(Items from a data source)

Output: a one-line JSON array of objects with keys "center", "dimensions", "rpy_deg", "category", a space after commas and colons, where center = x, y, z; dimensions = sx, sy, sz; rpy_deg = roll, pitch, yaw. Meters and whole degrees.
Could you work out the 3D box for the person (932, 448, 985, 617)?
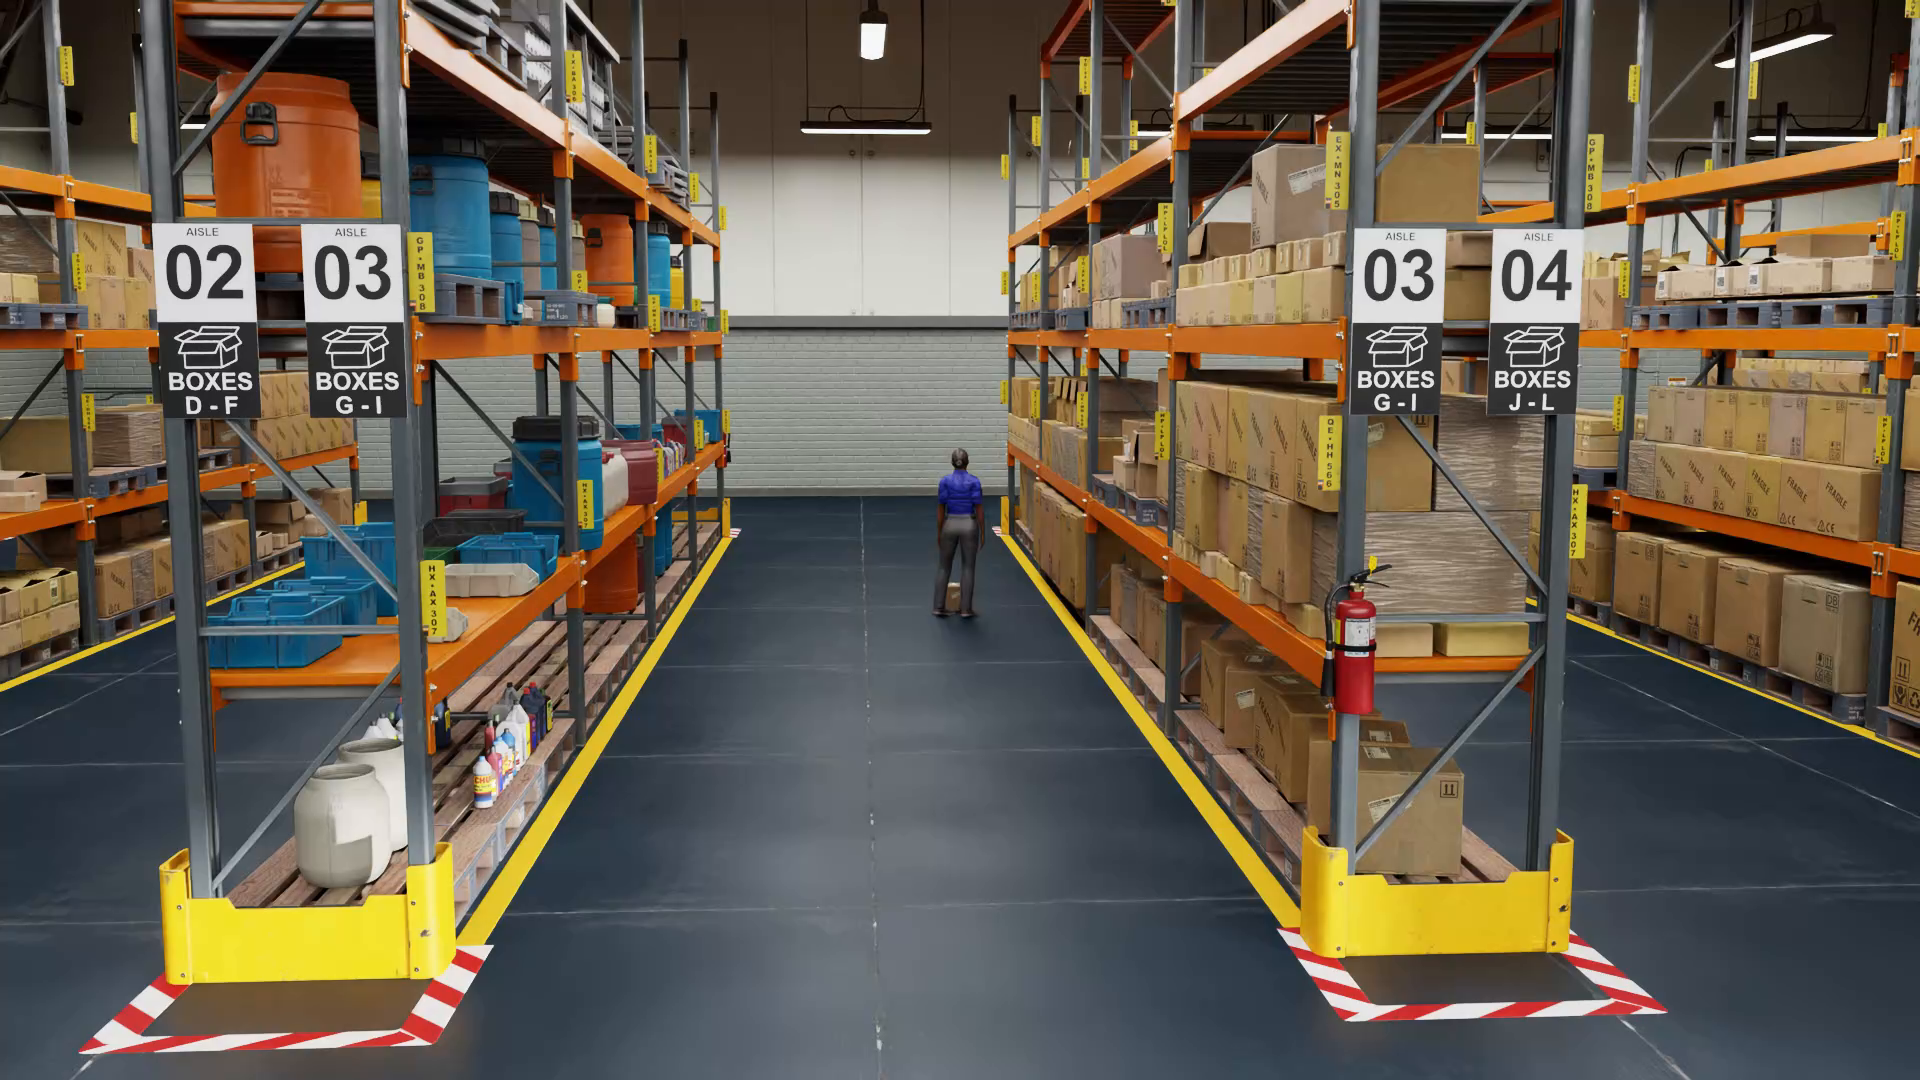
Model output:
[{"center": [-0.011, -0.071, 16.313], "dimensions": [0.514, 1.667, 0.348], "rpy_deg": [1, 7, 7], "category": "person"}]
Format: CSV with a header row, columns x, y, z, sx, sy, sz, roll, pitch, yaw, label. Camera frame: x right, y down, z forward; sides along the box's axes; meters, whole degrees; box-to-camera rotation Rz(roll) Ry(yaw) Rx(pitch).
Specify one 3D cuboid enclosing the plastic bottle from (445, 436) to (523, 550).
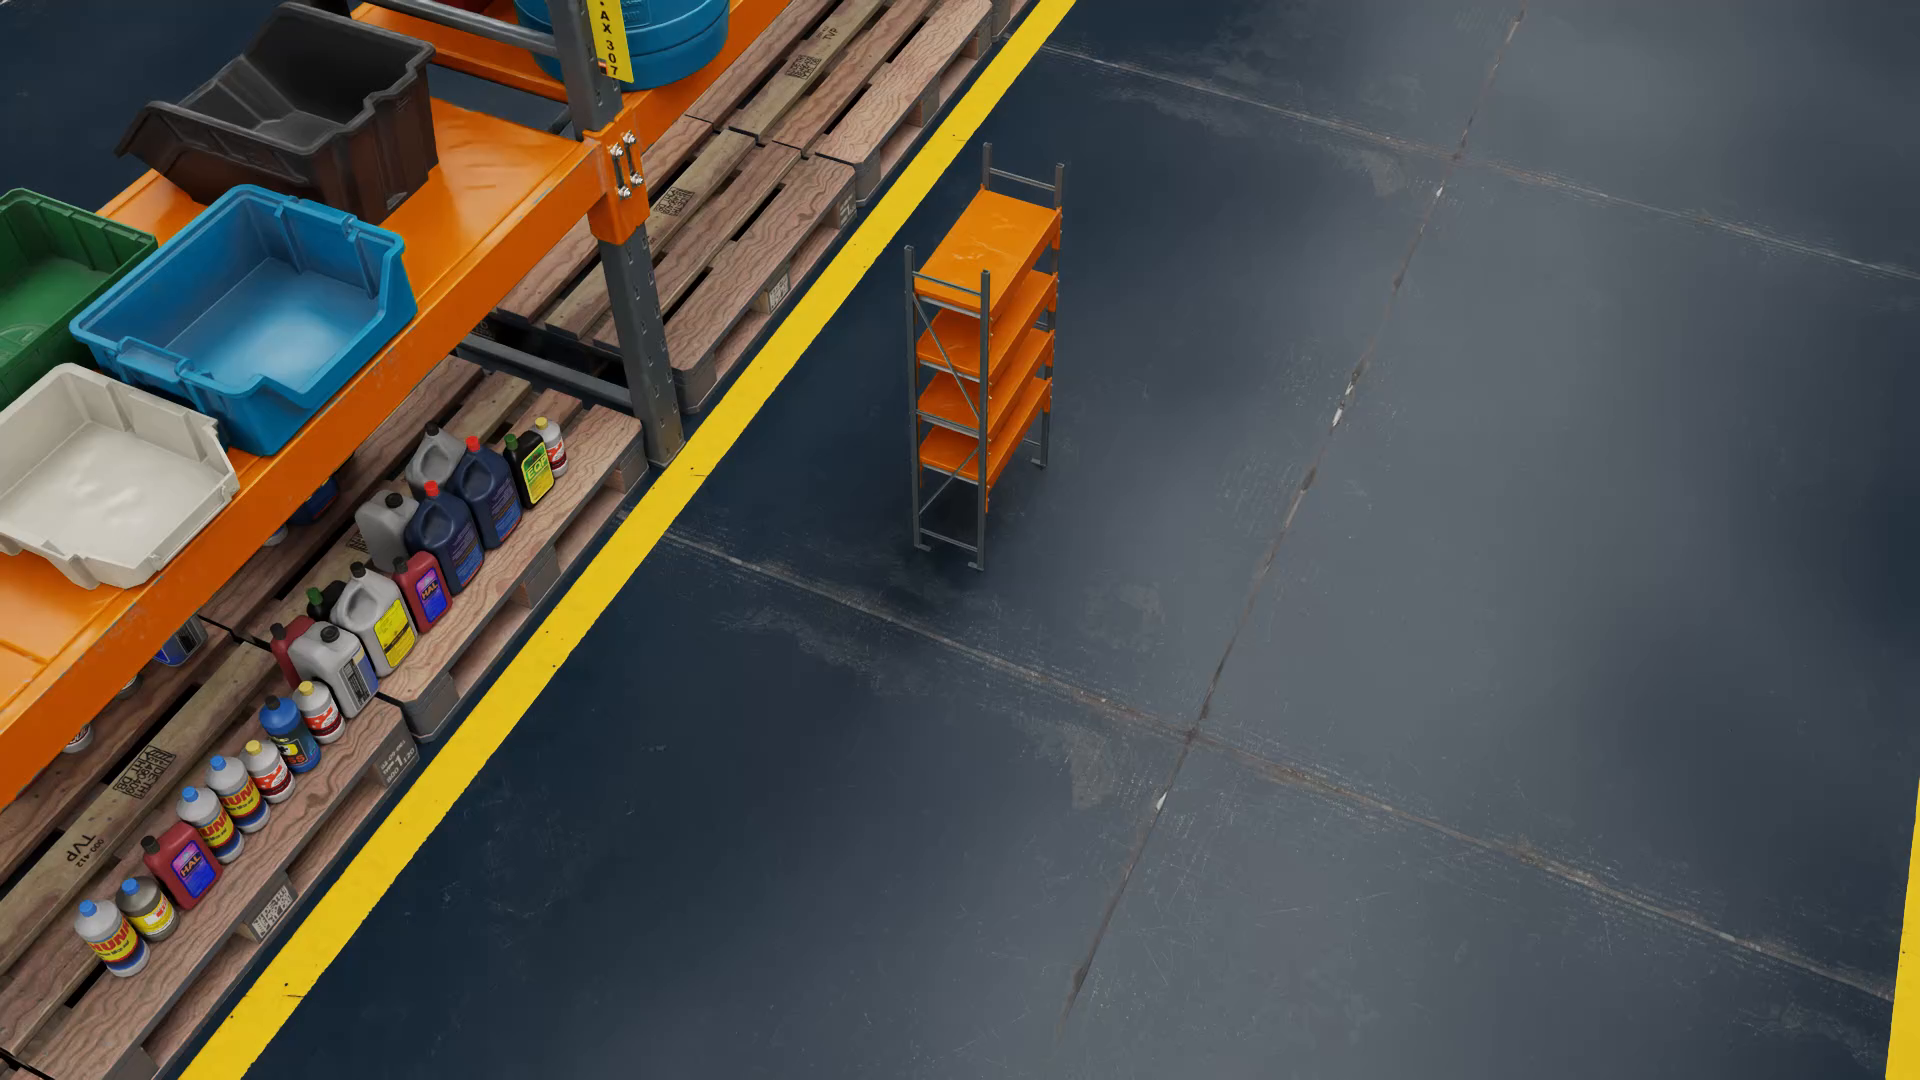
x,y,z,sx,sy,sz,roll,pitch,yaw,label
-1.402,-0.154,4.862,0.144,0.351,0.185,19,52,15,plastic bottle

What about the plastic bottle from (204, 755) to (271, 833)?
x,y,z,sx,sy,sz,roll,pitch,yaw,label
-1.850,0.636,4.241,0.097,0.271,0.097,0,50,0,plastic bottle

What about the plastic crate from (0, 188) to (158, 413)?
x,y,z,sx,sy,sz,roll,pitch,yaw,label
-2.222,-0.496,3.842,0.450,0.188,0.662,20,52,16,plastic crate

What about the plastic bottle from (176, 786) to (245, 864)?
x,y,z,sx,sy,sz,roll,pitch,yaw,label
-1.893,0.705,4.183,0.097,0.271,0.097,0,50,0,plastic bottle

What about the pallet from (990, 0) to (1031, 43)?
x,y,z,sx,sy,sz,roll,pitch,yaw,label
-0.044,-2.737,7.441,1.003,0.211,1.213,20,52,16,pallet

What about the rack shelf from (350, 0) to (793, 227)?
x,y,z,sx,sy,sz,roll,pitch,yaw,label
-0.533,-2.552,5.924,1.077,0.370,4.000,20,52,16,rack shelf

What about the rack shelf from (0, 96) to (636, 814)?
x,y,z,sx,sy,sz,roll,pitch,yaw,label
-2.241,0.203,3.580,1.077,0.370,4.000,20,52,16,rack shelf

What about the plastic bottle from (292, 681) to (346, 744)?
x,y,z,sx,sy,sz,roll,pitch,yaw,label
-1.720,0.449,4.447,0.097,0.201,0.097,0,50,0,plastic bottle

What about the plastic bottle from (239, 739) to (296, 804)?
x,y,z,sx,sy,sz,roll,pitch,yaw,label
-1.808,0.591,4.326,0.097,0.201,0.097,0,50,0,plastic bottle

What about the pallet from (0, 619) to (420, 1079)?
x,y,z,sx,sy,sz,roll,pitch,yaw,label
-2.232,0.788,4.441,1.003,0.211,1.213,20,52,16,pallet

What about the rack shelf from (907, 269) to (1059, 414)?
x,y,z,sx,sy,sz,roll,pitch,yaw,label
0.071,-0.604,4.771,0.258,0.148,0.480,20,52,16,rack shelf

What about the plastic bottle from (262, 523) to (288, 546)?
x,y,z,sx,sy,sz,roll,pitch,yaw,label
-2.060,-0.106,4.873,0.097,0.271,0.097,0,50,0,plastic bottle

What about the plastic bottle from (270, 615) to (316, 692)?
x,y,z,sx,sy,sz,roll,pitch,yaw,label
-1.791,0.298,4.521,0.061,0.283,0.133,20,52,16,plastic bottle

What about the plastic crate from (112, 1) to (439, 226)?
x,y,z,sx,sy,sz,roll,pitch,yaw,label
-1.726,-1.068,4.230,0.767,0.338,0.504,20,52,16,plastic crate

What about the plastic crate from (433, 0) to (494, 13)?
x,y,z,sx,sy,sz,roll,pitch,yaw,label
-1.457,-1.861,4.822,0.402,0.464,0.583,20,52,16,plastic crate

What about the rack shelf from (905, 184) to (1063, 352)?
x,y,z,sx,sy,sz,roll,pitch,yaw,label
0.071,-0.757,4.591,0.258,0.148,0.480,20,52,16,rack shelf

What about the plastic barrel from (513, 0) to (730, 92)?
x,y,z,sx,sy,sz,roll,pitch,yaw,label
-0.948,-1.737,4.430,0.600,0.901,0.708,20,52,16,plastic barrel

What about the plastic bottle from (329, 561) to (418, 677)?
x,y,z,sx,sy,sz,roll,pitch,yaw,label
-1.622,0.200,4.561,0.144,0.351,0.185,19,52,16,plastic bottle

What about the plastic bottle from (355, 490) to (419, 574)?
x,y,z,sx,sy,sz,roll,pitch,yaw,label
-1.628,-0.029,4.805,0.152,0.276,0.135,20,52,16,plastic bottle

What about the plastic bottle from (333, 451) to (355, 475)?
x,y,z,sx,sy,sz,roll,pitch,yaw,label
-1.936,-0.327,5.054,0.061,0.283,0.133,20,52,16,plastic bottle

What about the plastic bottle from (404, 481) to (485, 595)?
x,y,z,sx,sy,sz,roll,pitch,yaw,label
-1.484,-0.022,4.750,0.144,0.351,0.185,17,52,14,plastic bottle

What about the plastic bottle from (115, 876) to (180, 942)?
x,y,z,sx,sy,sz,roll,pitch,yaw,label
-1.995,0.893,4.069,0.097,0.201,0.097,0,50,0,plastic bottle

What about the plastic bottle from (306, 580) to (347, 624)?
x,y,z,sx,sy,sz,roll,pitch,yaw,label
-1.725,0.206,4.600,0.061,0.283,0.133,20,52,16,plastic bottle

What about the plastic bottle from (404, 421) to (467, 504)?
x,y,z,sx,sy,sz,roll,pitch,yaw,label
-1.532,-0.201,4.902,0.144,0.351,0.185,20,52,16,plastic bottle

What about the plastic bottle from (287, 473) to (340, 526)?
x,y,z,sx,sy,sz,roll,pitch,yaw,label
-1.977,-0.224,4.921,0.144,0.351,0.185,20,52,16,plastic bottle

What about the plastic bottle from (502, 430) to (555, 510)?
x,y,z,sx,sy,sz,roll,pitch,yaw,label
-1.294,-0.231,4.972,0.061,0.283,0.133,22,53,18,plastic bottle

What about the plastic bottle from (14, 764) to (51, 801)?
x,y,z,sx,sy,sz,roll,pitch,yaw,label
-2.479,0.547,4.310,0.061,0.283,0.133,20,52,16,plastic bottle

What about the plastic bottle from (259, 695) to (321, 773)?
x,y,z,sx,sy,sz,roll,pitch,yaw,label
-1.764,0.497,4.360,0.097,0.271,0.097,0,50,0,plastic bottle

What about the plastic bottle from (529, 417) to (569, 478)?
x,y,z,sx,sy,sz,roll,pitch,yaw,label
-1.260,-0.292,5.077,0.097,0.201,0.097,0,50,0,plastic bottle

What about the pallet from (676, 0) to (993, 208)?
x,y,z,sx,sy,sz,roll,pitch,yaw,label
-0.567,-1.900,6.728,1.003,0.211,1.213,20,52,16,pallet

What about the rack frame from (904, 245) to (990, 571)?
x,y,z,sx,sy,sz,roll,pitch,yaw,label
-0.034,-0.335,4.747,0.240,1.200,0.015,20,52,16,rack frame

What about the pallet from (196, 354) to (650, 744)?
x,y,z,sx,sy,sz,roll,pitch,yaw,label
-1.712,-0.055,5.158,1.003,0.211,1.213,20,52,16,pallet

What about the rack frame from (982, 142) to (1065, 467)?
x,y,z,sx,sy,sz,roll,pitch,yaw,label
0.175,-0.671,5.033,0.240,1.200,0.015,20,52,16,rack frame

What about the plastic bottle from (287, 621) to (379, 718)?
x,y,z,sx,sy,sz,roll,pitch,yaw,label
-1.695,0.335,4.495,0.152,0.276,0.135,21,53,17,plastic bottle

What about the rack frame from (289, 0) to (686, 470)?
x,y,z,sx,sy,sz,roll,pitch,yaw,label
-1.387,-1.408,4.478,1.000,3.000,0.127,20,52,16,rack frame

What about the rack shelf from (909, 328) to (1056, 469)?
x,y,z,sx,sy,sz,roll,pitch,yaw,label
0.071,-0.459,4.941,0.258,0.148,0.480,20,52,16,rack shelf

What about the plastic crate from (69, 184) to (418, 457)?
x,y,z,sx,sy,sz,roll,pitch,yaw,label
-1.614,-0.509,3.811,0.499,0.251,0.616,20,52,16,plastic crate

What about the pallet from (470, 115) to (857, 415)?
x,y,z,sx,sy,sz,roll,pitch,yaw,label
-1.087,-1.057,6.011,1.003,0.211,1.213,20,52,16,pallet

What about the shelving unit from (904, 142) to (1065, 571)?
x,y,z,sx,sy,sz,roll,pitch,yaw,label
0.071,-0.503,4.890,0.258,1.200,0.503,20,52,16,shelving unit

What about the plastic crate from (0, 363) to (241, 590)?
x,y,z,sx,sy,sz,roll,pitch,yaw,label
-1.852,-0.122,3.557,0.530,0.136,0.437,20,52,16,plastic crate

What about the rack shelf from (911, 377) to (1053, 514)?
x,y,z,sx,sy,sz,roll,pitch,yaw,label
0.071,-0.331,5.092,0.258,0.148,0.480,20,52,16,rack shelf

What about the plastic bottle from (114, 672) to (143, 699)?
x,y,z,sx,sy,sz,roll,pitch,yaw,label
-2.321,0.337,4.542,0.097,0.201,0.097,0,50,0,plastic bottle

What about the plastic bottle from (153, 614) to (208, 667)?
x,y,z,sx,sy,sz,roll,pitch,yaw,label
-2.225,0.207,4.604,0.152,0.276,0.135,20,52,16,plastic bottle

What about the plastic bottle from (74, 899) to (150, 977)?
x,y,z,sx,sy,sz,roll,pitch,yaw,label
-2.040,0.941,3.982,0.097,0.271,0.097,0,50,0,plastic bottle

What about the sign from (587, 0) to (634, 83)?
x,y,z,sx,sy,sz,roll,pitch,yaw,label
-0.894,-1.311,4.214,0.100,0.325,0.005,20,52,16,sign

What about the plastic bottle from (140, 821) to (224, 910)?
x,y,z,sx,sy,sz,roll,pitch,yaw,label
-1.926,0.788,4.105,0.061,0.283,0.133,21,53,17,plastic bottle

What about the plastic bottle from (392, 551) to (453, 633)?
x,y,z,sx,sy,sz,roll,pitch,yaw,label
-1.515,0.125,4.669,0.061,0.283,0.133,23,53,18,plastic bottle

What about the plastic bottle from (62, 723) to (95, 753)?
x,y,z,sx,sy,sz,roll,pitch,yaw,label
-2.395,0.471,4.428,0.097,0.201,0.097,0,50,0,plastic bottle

TASK INSTRUCTIONS
Set down nothing but the lines from the one containing "What about the plastic bottle from (140, 821)" through the end of the entries above, exactly as written, both ends counted.

RESULT
What about the plastic bottle from (140, 821) to (224, 910)?
x,y,z,sx,sy,sz,roll,pitch,yaw,label
-1.926,0.788,4.105,0.061,0.283,0.133,21,53,17,plastic bottle

What about the plastic bottle from (392, 551) to (453, 633)?
x,y,z,sx,sy,sz,roll,pitch,yaw,label
-1.515,0.125,4.669,0.061,0.283,0.133,23,53,18,plastic bottle

What about the plastic bottle from (62, 723) to (95, 753)?
x,y,z,sx,sy,sz,roll,pitch,yaw,label
-2.395,0.471,4.428,0.097,0.201,0.097,0,50,0,plastic bottle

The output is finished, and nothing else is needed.